Hood – a Neighborhood Abstraction for Wireless Sensor Networks
The user defines the attributes to be shared and the membership criteria. The Hood software takes over and keeps track of related nodes and their attribute values. This alleviates the user from having to program the search for attribute values and related nodes.
Hood uses a broadcast/filter mechanism for data sharing and neighbor discovery. Receiving nodes filter through the broadcast data to see which neighbors and which of their attributes should be cached. The receiving node or “observing” node determines who is in its neighborhood, rather than the broadcasting or “owner” node. When a node updates its attribute values, this is pushed to the neighbor nodes which can choose to update their data cache or delete it. This provides a “reflective” memory of those nodes’ attribute values. Hood is implemented in nesC on the TinyOS platform.

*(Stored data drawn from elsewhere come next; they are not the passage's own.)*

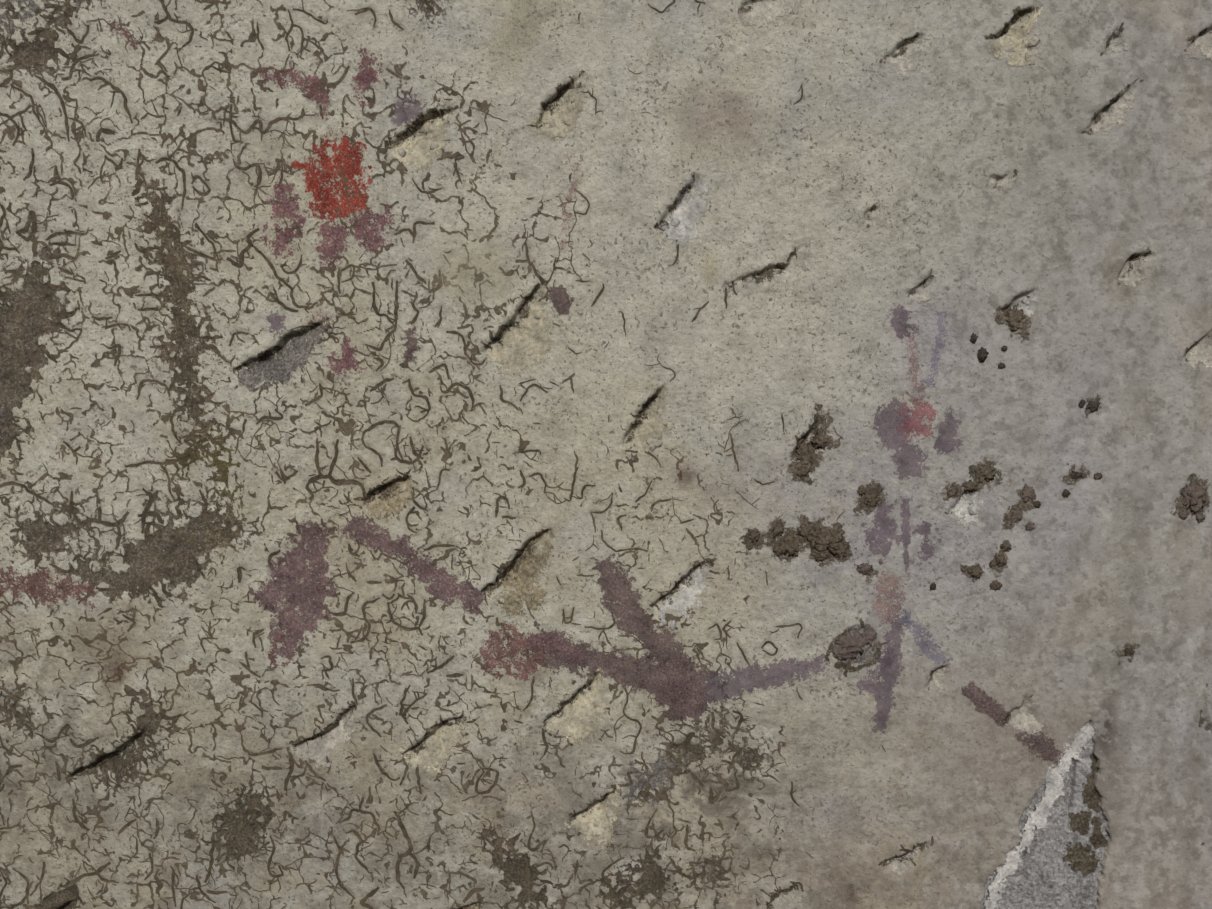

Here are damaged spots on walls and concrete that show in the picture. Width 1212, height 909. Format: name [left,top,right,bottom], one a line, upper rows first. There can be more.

crack [154,0,213,47]
crack [256,7,404,52]
spalling [984,0,1048,67]
spalling [1082,74,1146,145]
crack [0,25,559,551]
spalling [1114,246,1160,288]
spalling [1183,336,1212,372]
crack [495,443,694,552]
crack [696,620,803,666]
crack [251,543,463,909]
crack [0,705,227,909]
spalling [981,722,1108,909]

Efficiency of the network can be tuned based on the “push policy” in so far as how much data and how often it is pushed from one node to its neighbors. For some applications, a low push may be the best in order to conserve memory and battery power. In other applications, a large push more often may be required to provide accurate and up to date information on the network.
Hood faces some challenges. Each “neighborhood” must keep its own data set which can cause problems when neighborhoods overlap. Through the use of parameters, one can distinguish one neighborhood from another. Another challenge is that within a neighborhood, all neighbor values must be kept in memory. This can create an inefficient use of memory and ultimately require large memory capacities. Also, Hood hides the cost of messaging from the user. A user could potentially make requests of the system that weigh it down in terms of memory usage or communications bandwidth and not be aware of the cost of their request.
Hood is ideally suited for object tracking in which locationing, routing, and tracking must be coordinated within groups of nodes (read “neighborhoods”). It may be useful to other wireless sensor network applications in which “neighborhoods” provide a foundation for the application. A search of twenty wireless sensor network applications revealed a large number of them using a neighborhood concept.
Future work in this area focuses on creating neighborhoods with multi-hop rather than one-hop distances. This would create a more robust neighborhood.